For the purposes of controlling a confound, you can think of reliability as the extent a given measure captures an underlying construct. You may be conducting a study where you want to control for participant intelligence. To do this, it is common to use a participant’s educational attainment (years of school completed) as a proxy for intelligence. However, the measure is not the construct. If educational attainment explains 25% of variability in intelligence (r = .5, R2 = .25), then when you control for education, you’ll still leave a majority of intelligence effects intact.

For mech interp, your measures may be highly reliable, but controlling for their relationship with other variables may be difficult. The typical strategy for controlling a confound is to include it as a variable in a linear regression. However, this assumes the confound’s relationship with other variables is linear.

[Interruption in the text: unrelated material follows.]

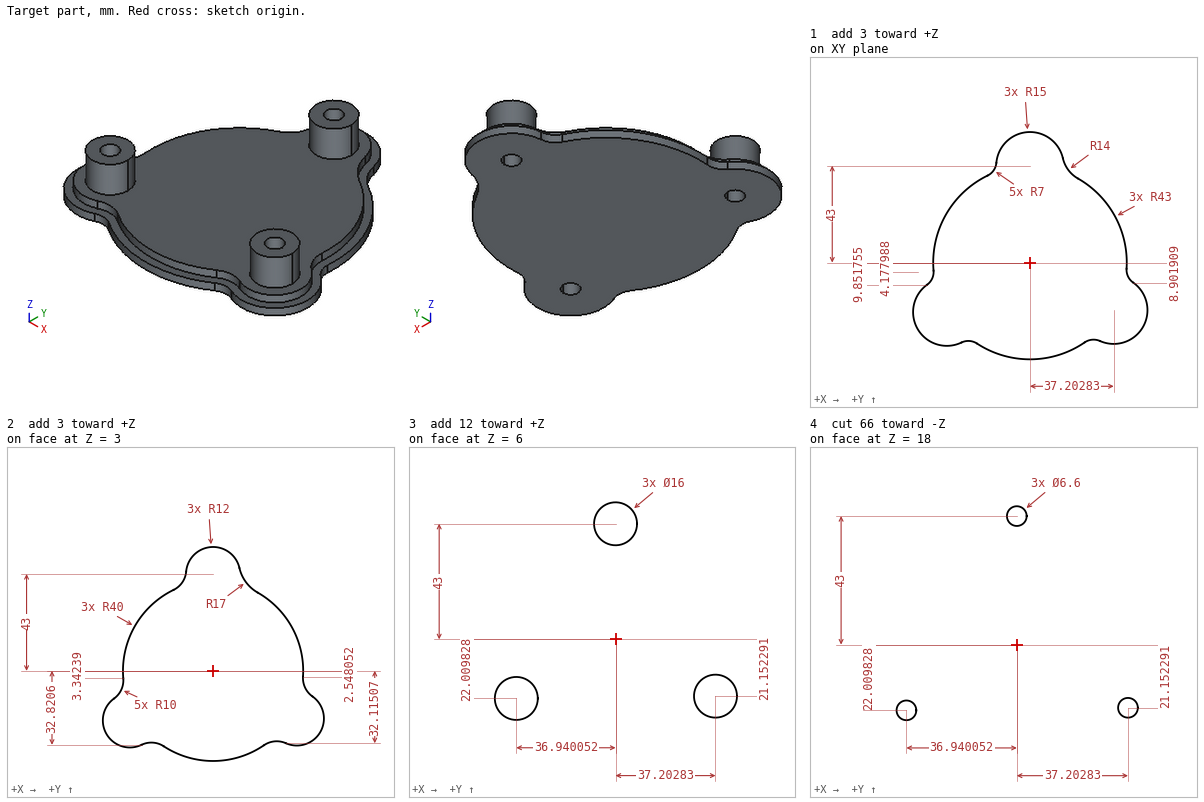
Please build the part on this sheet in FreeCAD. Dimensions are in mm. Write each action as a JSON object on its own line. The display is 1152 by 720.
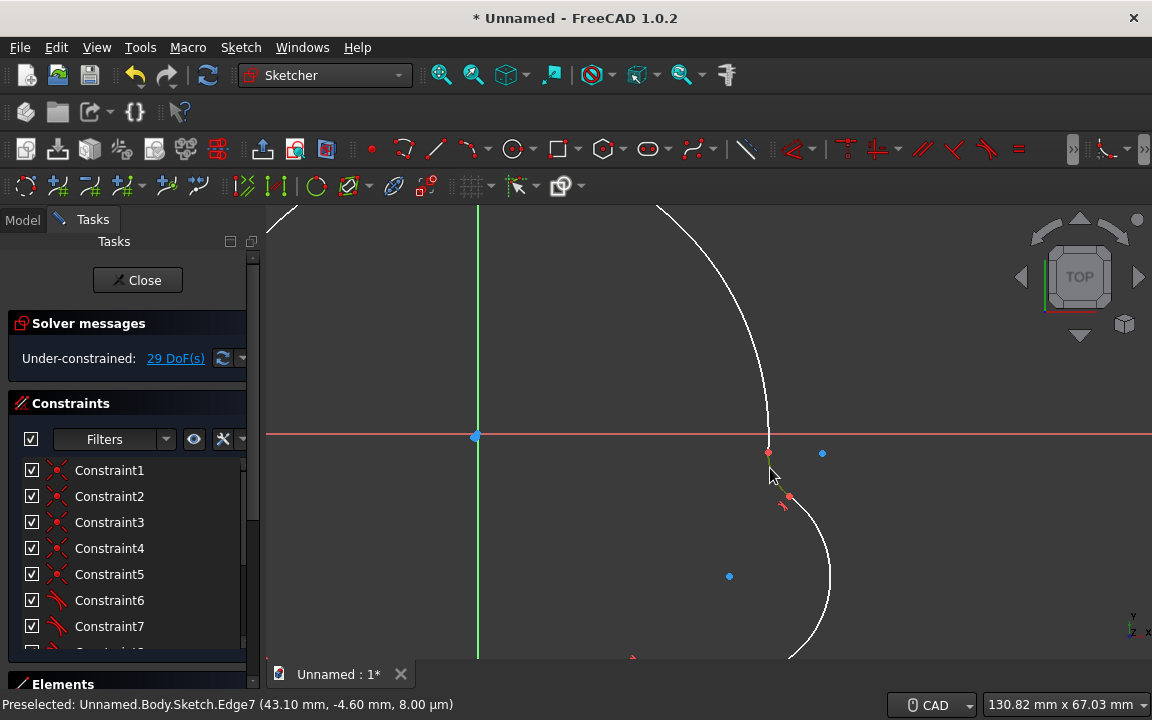
{"action": "left_click", "coordinate": [758, 357]}

Yet, most relationships are not linear. The position and proximity effects mentioned above are certainly not. If you simply control for them via a linear regression rather than correlation, you will fail to actually scrub out their effects from the data.^[10]^[11]

4.2. Bright possibilities

Confounds being hard to perfectly control doesn’t mean everything is doomed nor do you always need to implement obscure methods for controlling confounds:

In the social sciences and cases where confounding effects won’t be too large compared to your effect of interest, lazy linear solutions are often okay.For mech interp and cases where confounds might be very impactful, but if you’re unsure, you should still initially test lazy methods. A lazy method can show you whether a confound majorly predicts a variable of interest at all. If not, or if lazily controlling for a confound only has a tiny effect on your relationship of interest, then you’re fine.

Conversely, if your lazy control leads to your relationship of interest dropping in size by, say, 33% or 50%, then that is a strong sign that your relationship might truly be entirely confounded, and a more rigorous method could find that. In that case, good luck… maybe try to reorganize your experiment or hypothesis to avoid the confound? Alternatively, you can maybe get an LLM to help you find a statistical approach that is more thorough, although you might always live in fear that you aren’t fully scrubbing out a confound.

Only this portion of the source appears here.